Yes, Tom. So we are eliminating the quarterly baseline disclosure, and we're replacing that with intermediate-term financial targets, starting with '25 and preannouncing variable investment income. Those are the 2 -- 2 key changes we're making. We are still going to speak to unique items in the quarter really to help you understand what's happening, but that's the extent of the changes.
Next question is a follow-up from Suneet Kamath from Jefferies.
I just wanted to circle back on this concept of doing a back book deal with Prismic. I just want to make sure I'm thinking about it right. So if you were to do a deal with a block of business from Japan, is it fair to say that there might be some initial EPS pressure because you're giving up some of the earnings that you're now -- you own 100% of it, and obviously, you'll give us some of those earnings to your Prismic partners. Presumably, you'll free up some capital, which you can then deploy in new business, but there might be a little bit of a lag between when you lose the earnings on the back book versus when you deploy the capital that's being free. Is that the right way to think about it? Or is there some sort of offset that I'm missing there?
No, Suneet, I think -- I'm sorry, it's Rob. I think you've captured it well, which is that's not unique to doing a back book deal in Japan that you could use that same description and apply it to each of the reinsurance transactions that we've done to date, which is that by virtue of reinsuring, we unlock capital and embedded value. And in Japan, in particular, we think that our products there have very high levels of margins in the reserves that we have. And so we're able to release those reserves and capital associated with it. By virtue of reinsuring then the AOI associated with that block will no longer appear on our earnings. However, our analysis looks at what the economics of that translate into with the freed up capital and our ability to redeploy that capital.

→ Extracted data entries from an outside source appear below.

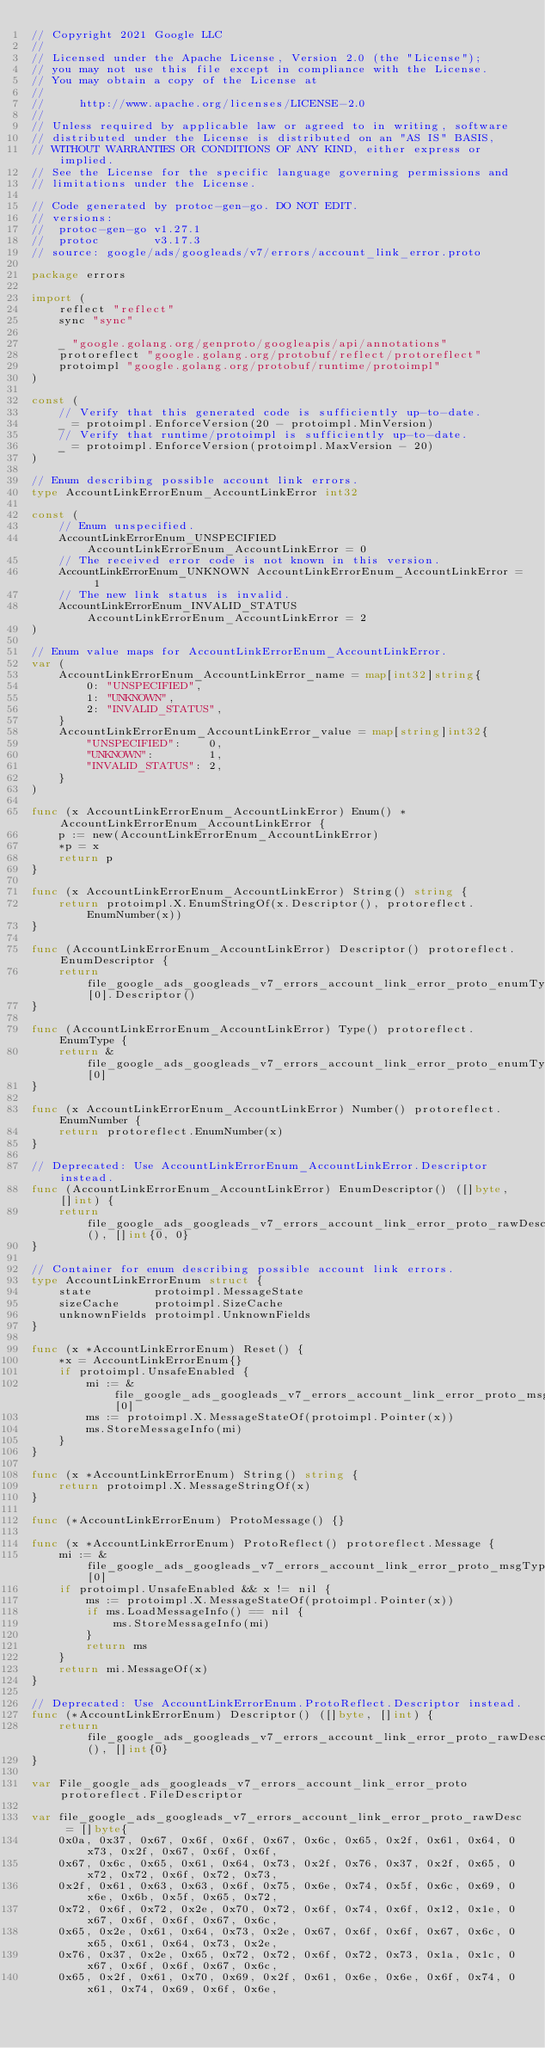<code> <loc_0><loc_0><loc_500><loc_500><_Go_>// Copyright 2021 Google LLC
//
// Licensed under the Apache License, Version 2.0 (the "License");
// you may not use this file except in compliance with the License.
// You may obtain a copy of the License at
//
//     http://www.apache.org/licenses/LICENSE-2.0
//
// Unless required by applicable law or agreed to in writing, software
// distributed under the License is distributed on an "AS IS" BASIS,
// WITHOUT WARRANTIES OR CONDITIONS OF ANY KIND, either express or implied.
// See the License for the specific language governing permissions and
// limitations under the License.

// Code generated by protoc-gen-go. DO NOT EDIT.
// versions:
// 	protoc-gen-go v1.27.1
// 	protoc        v3.17.3
// source: google/ads/googleads/v7/errors/account_link_error.proto

package errors

import (
	reflect "reflect"
	sync "sync"

	_ "google.golang.org/genproto/googleapis/api/annotations"
	protoreflect "google.golang.org/protobuf/reflect/protoreflect"
	protoimpl "google.golang.org/protobuf/runtime/protoimpl"
)

const (
	// Verify that this generated code is sufficiently up-to-date.
	_ = protoimpl.EnforceVersion(20 - protoimpl.MinVersion)
	// Verify that runtime/protoimpl is sufficiently up-to-date.
	_ = protoimpl.EnforceVersion(protoimpl.MaxVersion - 20)
)

// Enum describing possible account link errors.
type AccountLinkErrorEnum_AccountLinkError int32

const (
	// Enum unspecified.
	AccountLinkErrorEnum_UNSPECIFIED AccountLinkErrorEnum_AccountLinkError = 0
	// The received error code is not known in this version.
	AccountLinkErrorEnum_UNKNOWN AccountLinkErrorEnum_AccountLinkError = 1
	// The new link status is invalid.
	AccountLinkErrorEnum_INVALID_STATUS AccountLinkErrorEnum_AccountLinkError = 2
)

// Enum value maps for AccountLinkErrorEnum_AccountLinkError.
var (
	AccountLinkErrorEnum_AccountLinkError_name = map[int32]string{
		0: "UNSPECIFIED",
		1: "UNKNOWN",
		2: "INVALID_STATUS",
	}
	AccountLinkErrorEnum_AccountLinkError_value = map[string]int32{
		"UNSPECIFIED":    0,
		"UNKNOWN":        1,
		"INVALID_STATUS": 2,
	}
)

func (x AccountLinkErrorEnum_AccountLinkError) Enum() *AccountLinkErrorEnum_AccountLinkError {
	p := new(AccountLinkErrorEnum_AccountLinkError)
	*p = x
	return p
}

func (x AccountLinkErrorEnum_AccountLinkError) String() string {
	return protoimpl.X.EnumStringOf(x.Descriptor(), protoreflect.EnumNumber(x))
}

func (AccountLinkErrorEnum_AccountLinkError) Descriptor() protoreflect.EnumDescriptor {
	return file_google_ads_googleads_v7_errors_account_link_error_proto_enumTypes[0].Descriptor()
}

func (AccountLinkErrorEnum_AccountLinkError) Type() protoreflect.EnumType {
	return &file_google_ads_googleads_v7_errors_account_link_error_proto_enumTypes[0]
}

func (x AccountLinkErrorEnum_AccountLinkError) Number() protoreflect.EnumNumber {
	return protoreflect.EnumNumber(x)
}

// Deprecated: Use AccountLinkErrorEnum_AccountLinkError.Descriptor instead.
func (AccountLinkErrorEnum_AccountLinkError) EnumDescriptor() ([]byte, []int) {
	return file_google_ads_googleads_v7_errors_account_link_error_proto_rawDescGZIP(), []int{0, 0}
}

// Container for enum describing possible account link errors.
type AccountLinkErrorEnum struct {
	state         protoimpl.MessageState
	sizeCache     protoimpl.SizeCache
	unknownFields protoimpl.UnknownFields
}

func (x *AccountLinkErrorEnum) Reset() {
	*x = AccountLinkErrorEnum{}
	if protoimpl.UnsafeEnabled {
		mi := &file_google_ads_googleads_v7_errors_account_link_error_proto_msgTypes[0]
		ms := protoimpl.X.MessageStateOf(protoimpl.Pointer(x))
		ms.StoreMessageInfo(mi)
	}
}

func (x *AccountLinkErrorEnum) String() string {
	return protoimpl.X.MessageStringOf(x)
}

func (*AccountLinkErrorEnum) ProtoMessage() {}

func (x *AccountLinkErrorEnum) ProtoReflect() protoreflect.Message {
	mi := &file_google_ads_googleads_v7_errors_account_link_error_proto_msgTypes[0]
	if protoimpl.UnsafeEnabled && x != nil {
		ms := protoimpl.X.MessageStateOf(protoimpl.Pointer(x))
		if ms.LoadMessageInfo() == nil {
			ms.StoreMessageInfo(mi)
		}
		return ms
	}
	return mi.MessageOf(x)
}

// Deprecated: Use AccountLinkErrorEnum.ProtoReflect.Descriptor instead.
func (*AccountLinkErrorEnum) Descriptor() ([]byte, []int) {
	return file_google_ads_googleads_v7_errors_account_link_error_proto_rawDescGZIP(), []int{0}
}

var File_google_ads_googleads_v7_errors_account_link_error_proto protoreflect.FileDescriptor

var file_google_ads_googleads_v7_errors_account_link_error_proto_rawDesc = []byte{
	0x0a, 0x37, 0x67, 0x6f, 0x6f, 0x67, 0x6c, 0x65, 0x2f, 0x61, 0x64, 0x73, 0x2f, 0x67, 0x6f, 0x6f,
	0x67, 0x6c, 0x65, 0x61, 0x64, 0x73, 0x2f, 0x76, 0x37, 0x2f, 0x65, 0x72, 0x72, 0x6f, 0x72, 0x73,
	0x2f, 0x61, 0x63, 0x63, 0x6f, 0x75, 0x6e, 0x74, 0x5f, 0x6c, 0x69, 0x6e, 0x6b, 0x5f, 0x65, 0x72,
	0x72, 0x6f, 0x72, 0x2e, 0x70, 0x72, 0x6f, 0x74, 0x6f, 0x12, 0x1e, 0x67, 0x6f, 0x6f, 0x67, 0x6c,
	0x65, 0x2e, 0x61, 0x64, 0x73, 0x2e, 0x67, 0x6f, 0x6f, 0x67, 0x6c, 0x65, 0x61, 0x64, 0x73, 0x2e,
	0x76, 0x37, 0x2e, 0x65, 0x72, 0x72, 0x6f, 0x72, 0x73, 0x1a, 0x1c, 0x67, 0x6f, 0x6f, 0x67, 0x6c,
	0x65, 0x2f, 0x61, 0x70, 0x69, 0x2f, 0x61, 0x6e, 0x6e, 0x6f, 0x74, 0x61, 0x74, 0x69, 0x6f, 0x6e,</code>

And does PGIM manage all of the assets that back the Japanese liabilities already? Or is there a portion of assets that they don't manage that if it went into Prismic, it would start to earn fees on?
No. The assets that we have within our business today are the vast, vast majority of them are managed by PGIM. There's a selective -- a couple of instances where we do have some third-party managers in specific areas that PGIM is not focused on, but I would say, by and large, it would be accurate to characterize that those liabilities -- excuse me, those assets that are backing the liabilities are being managed by PGIM. Today, when they transferred into Prismic, they would be managed -- continue to be managed by PGIM. But on a sort of a third-party set of economics as opposed to the economic arrangement we have with the general account and that generally is accretive to PGIM. .
We reached the end of our question-and-answer session. I'd like to turn the floor back over to Mr. Lowrey for any further closing comments.
Okay. Thank you, and thank you again for joining us today. We've entered the last quarter of this year, pleased with the progress we've made to become a higher growth and more capital-efficient company. We are well positioned to address the growing needs of our customers and clients around the world as they seek to protect their life's work and live better lives longer.
So thank you again, and enjoy the rest of the day.
Thank you. That does conclude today's teleconference and webcast. You may disconnect your line at this time, and have a wonderful day. We thank you for your participation today.